Recapping my prognostication for the 2011 NHL Stanley Cup Playoffs, I was 7-for-8 in the first round. The Tampa Bay Lightning upset the perfect record. In round two, I was 3-for-4. The Tampa Bay Lightning upset the perfect record. In the semi-finals, I was obviously 2-for-2 as my pre-playoffs pick for the finals have actually arrived along with a 12-2 post-season picks record, though the Lightning tried their best to undermine me again. Not too shabby.

Boston Bruins vs. Vancouver Canucks

For the finals, everyone is in love with the aging goaltenders who have performed like stalwarts in the prime of their careers. Roberto Luongo has been clutch. Tim Thomas has been steady-as-she-goes this entire season and these two veterans are likely to be the focal point of what I anticipate being a long finals series.

Luongo is following up his 2010 Olympic Gold with a shot at having his name engraved on Lord Stanley’s Cup. Tim Thomas is a former Vezina Trophy winning goaltender with an eye on adding another to his mantle along with his name on The Cup. We’ve watched Roberto Luongo steadily improve throughout the playoffs. We also watched Tim Thomas struggle mightily (at times) against the Tampa Bay Lightning. Of course, several teams struggled against the Lightning. However, only one goalie pitched a shutout in a game 7 against them to advance to the Stanley Cup Finals – and that’s Tim Thomas.

It’s damn near impossible to pick between the two of these guys. If forced to give an edge to one team, I’d give it to the Vancouver Canucks and Roberto Luongo if only because I believe he’s given up fewer “bad goals” than Thomas, particularly in the semi-finals round. There is no shortage of firepower on either side, but I also watched the defense in front of Thomas falter at the most inopportune times, too.

For the Bruins, the embarrassment of the 2010 post-season is long behind them. In their semi-finals series against the Philadelphia Flyers, they embarked on a collapse of epic proportions, coughing up a 3-0 series lead, including a 3-0 goals advantage in game 7 to limp into the post-season. This year, gritty performances and a whole lot of hard work have landed them in the finals.

For the Canucks, well… they’ve come from a virtual no-man’s land to take the President’s Trophy for the best record during the regular season and, for the most part, cruise through the post-season much the way many so-called experts expected.

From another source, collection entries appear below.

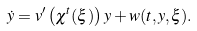<formula> <loc_0><loc_0><loc_500><loc_500>\dot { y } & = v ^ { \prime } \left ( \chi ^ { t } ( \xi ) \right ) y + w ( t , y , \xi ) .</formula> 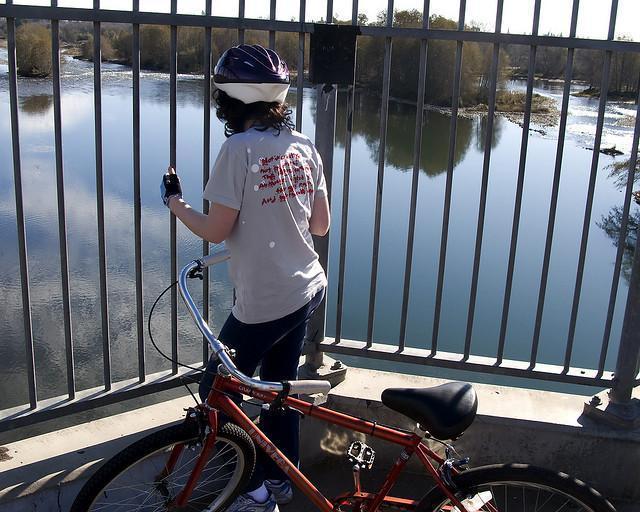How many cars in this picture are white?
Give a very brief answer. 0. 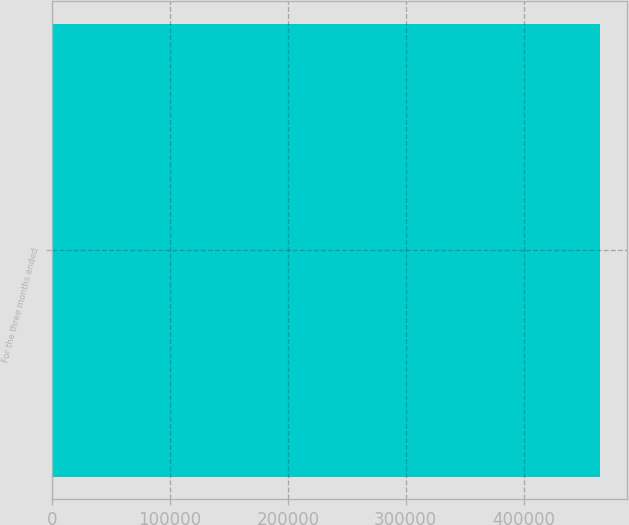<chart> <loc_0><loc_0><loc_500><loc_500><bar_chart><fcel>For the three months ended<nl><fcel>464924<nl></chart> 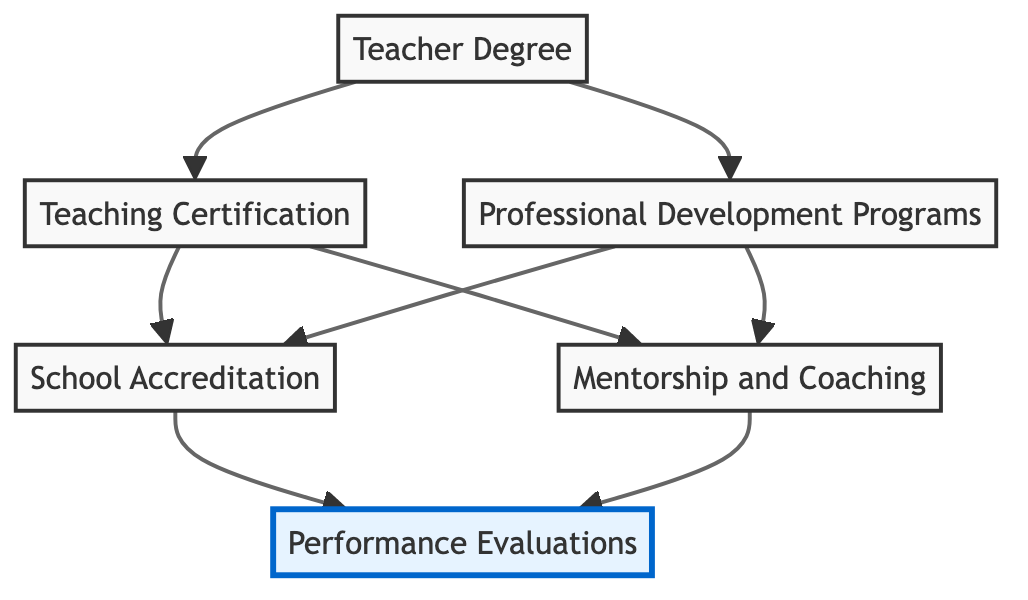What is the first element in the flow chart? The first element in the flow chart is "Teacher Degree," which is the starting point before the flow progresses to other components.
Answer: Teacher Degree How many main elements are in the diagram? The diagram consists of six main elements: Teacher Degree, Teaching Certification, Professional Development Programs, School Accreditation, Mentorship and Coaching, and Performance Evaluations.
Answer: Six Which two elements lead to "School Accreditation"? The elements that lead to "School Accreditation" are "Teaching Certification" and "Professional Development Programs," indicating that both are necessary components for achieving accreditation.
Answer: Teaching Certification and Professional Development Programs What is the final outcome of the flow chart? The final outcome of the flow chart is "Performance Evaluations," which represents the culmination of the various qualification assessments flowing from the preceding elements.
Answer: Performance Evaluations How is "Mentorship and Coaching" connected to "Performance Evaluations"? "Mentorship and Coaching" is connected to "Performance Evaluations" as an intermediary step, meaning that mentoring and coaching lead to improved performance evaluations in educators.
Answer: Through Mentorship and Coaching What role does "Teacher Degree" play in the flow chart? "Teacher Degree" serves as the foundational element upon which further qualifications and certifications are built; it is the first step in the flow leading to evaluations of educator qualification.
Answer: Foundational element What do "Teaching Certification" and "Professional Development Programs" have in common based on the diagram? Both "Teaching Certification" and "Professional Development Programs" are essential qualifications that contribute to "School Accreditation," showing they are critical components in preparing teachers for evaluation.
Answer: They both contribute to School Accreditation Which element receives connections from the greatest number of other elements? "Performance Evaluations" receives connections from "School Accreditation" and "Mentorship and Coaching," making it the element with the most incoming connections from other parts of the flow chart.
Answer: Performance Evaluations How does the diagram reflect a bottom-up approach to assessing educator qualifications? The diagram illustrates a bottom-up approach by starting from foundational qualifications like a teacher’s degree and building up through certifications and development programs to culminate in performance evaluations, thus showing the progression of assessment from base to top.
Answer: By starting with foundational qualifications

At even strength, both sides have plenty of star-power, fire-power, power-power, whatever it is you want to call it. Plenty of goal-scoring capability on multiple lines means that our two highly touted goaltenders will see their fair share of rubber blasted their way. Vancouver’s Sedin twins, Daniel and Henrik have certainly heated up after a lackluster start to the playoffs. Rookie, Ryan Kessler is among post-season scoring leaders. Alexandre Burrons and Christian Erhoff round out the top scorers for the Canucks. The Boston Bruins bring the likes of David Krejci and Nathan Horton, both Top 6 in scoring during the 2011 post-season to bear on Roberto Luongo. As if that wasn’t enough, four of the top 12 scoring post-season players include Bruins when you throw in Patrice Bergeron and Mighty Joe Thornton.

On the special teams, the Boston Bruins have made this far while having a pathetic power play scoring only 8.2% of the time. It’s truly a wonder that they’ve made it this far without a power play. They could literally double their power play output and still be very near the basement for the entire post-season. On the penalty kill, both teams are right around the 80% mark. What’s the difference-maker here? Vancouver Canucks sporting a lofty 28.3% power play scoring rate.

With things being so close in goaltending and equally close in offensive and even defensive prowess, I keep falling back to the special teams on this one. With both teams committing about the same number of penalties in the same number of games, I can’t help but take a look at the huge difference between the teams on the power play. It’s hard to imagine that the Boston Bruins are suddenly going to find the mark during the hot glare of the Stanley Cup Finals spotlights.

Therefore, I will anoint the Vancouver Canucks the 2011 Stanley Cup Champions and believe that they will do it in 6-games.